Seattle alt-country star Jesse Sykes recently wrote an interesting article in City Arts Magazine on our musical culture of consumption. Her take was that there’s simply too much music being turned out these days for us to adequately absorb great art. I don’t totally disagree, and it echoes one of my favorite quotes from Seattle indie rock pundit John Roderick: “The people making records are still spending months and years on them, while the people buying them are munching through them like corn chips. Slow down.” It’s certainly true that the amount of music being turned out right now is staggering. I can’t keep up, and I don’t think anyone of us can really keep up. It’s just too much! HOWEVER, I’ve found that even though I spend 80 hours a week listening to music, and even though I have stacks of CDs I need to listen to and review on my desk, I do keep coming back over and over to the really special, stand-out tracks.
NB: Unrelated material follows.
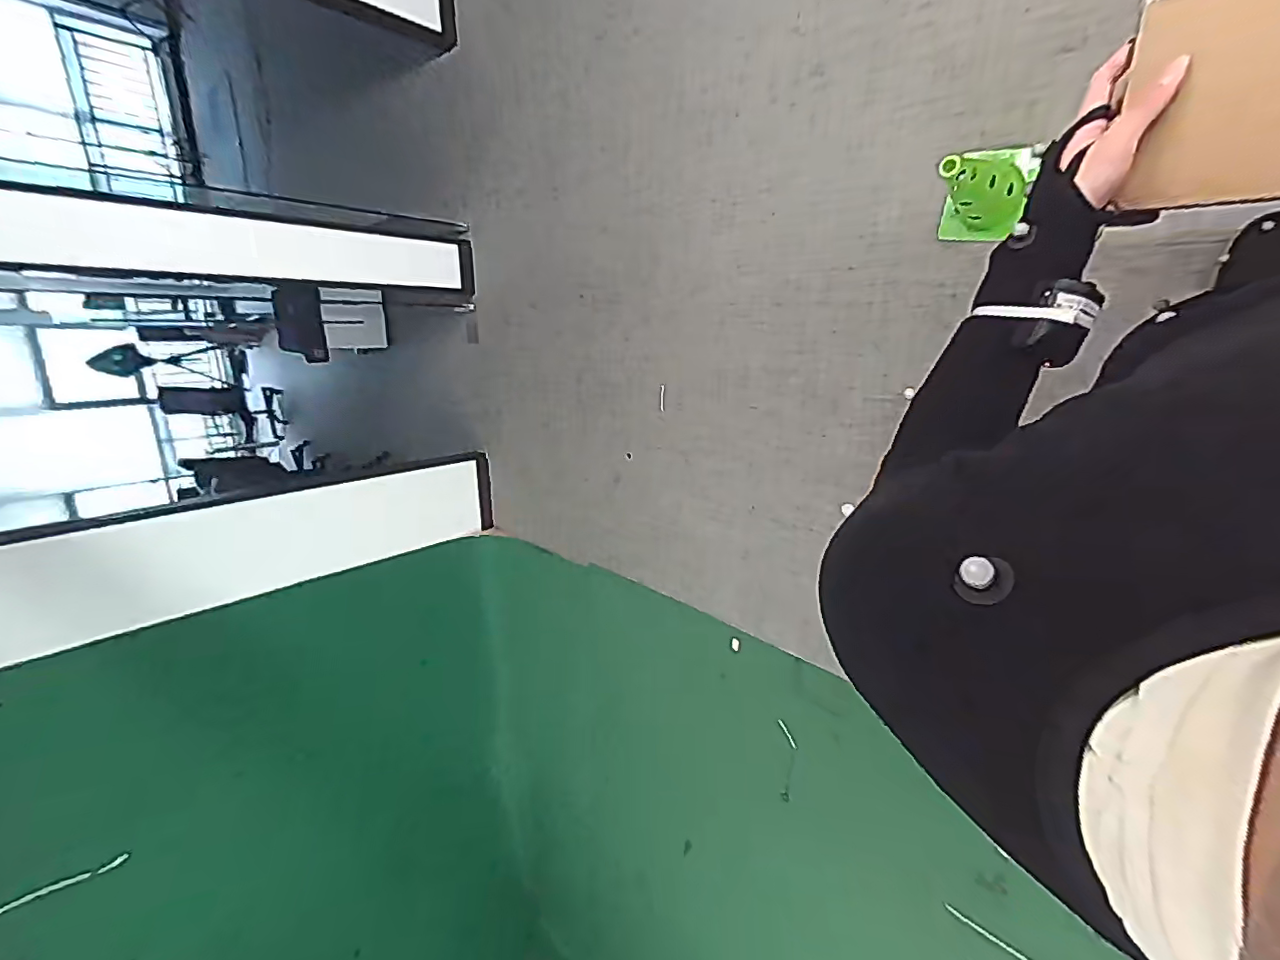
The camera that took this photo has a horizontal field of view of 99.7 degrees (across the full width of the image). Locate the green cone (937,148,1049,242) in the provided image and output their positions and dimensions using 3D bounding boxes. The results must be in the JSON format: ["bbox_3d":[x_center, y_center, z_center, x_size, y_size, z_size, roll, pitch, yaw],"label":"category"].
[{"bbox_3d":[0.742,-0.657,1.210,0.200,0.368,0.202,22,117,40],"label":"green cone"}]

That’s why I started the “Songs We Can’t Stop Listening To” blog. Because even though I’m swamped with music, somehow this only makes me want to listen to more, and when a really wonderful song comes across my desk, I’m not afraid to hit the repeat button and spend half a day (or more) with it. Check out some of these songs now:
Tim Eriksen: “O Come, Emmanuel”
from Star in the East, 2011.
Like everyone else, I have a love/hate relationship with holiday music. I love the thoughtful, beautiful acoustic renditions, and loathe the inevitably stale and horrific covers. But when I heard that acoustic song grandmaster Tim Eriksen had released an online album of holiday songs, Star in the East, I knew I was in for something special. And this track is special. Tim’s voice is soft and rough at the same time, his accompaniment is dark and eerie, as belies his punk-rock goth roots, and the lyrics are so deeply beautiful. It all comes together to make a perfect sound. I’m not really into the “Jesus is the Reason for the Season” stuff (Christmas is a pagan holiday, folks), but this would make a believer out of me. This is what religion should be about, something so deep and beautiful that it accesses our minds at a deeper level, touching on what makes us universal.
Ralph Stanley: “Lift Him Up, That’s All“
from A Mother’s Prayer, 2011.
Dr. Ralph Stanley‘s new album, A Mother’s Prayer, is another home-run for this venerable bluegrass elder. No surprise really, Stanley taps the coal-black heart of Appalachian music unlike any other artist before or since. He breathes the music and lives the music and knows it inside and out. I hope his latter-day recordings (which he’s been releasing regularly) end up like Johnny Cash’s last series of recordings: an indelible portrait of true Americana. On A Mother’s Prayer, he brings back the song “Lift Him Up, That’s All,” an old hymn from Washington Phillips, which he’d previously recorded on his last album. But here he adds the most sublime and wonderful guitar accompaniment I’ve heard in a long, long time. I don’t know why the guitar is so perfect. It’s so simple, yet so powerful. I swear this song is gonna give me a religious experience if I keep listening to it!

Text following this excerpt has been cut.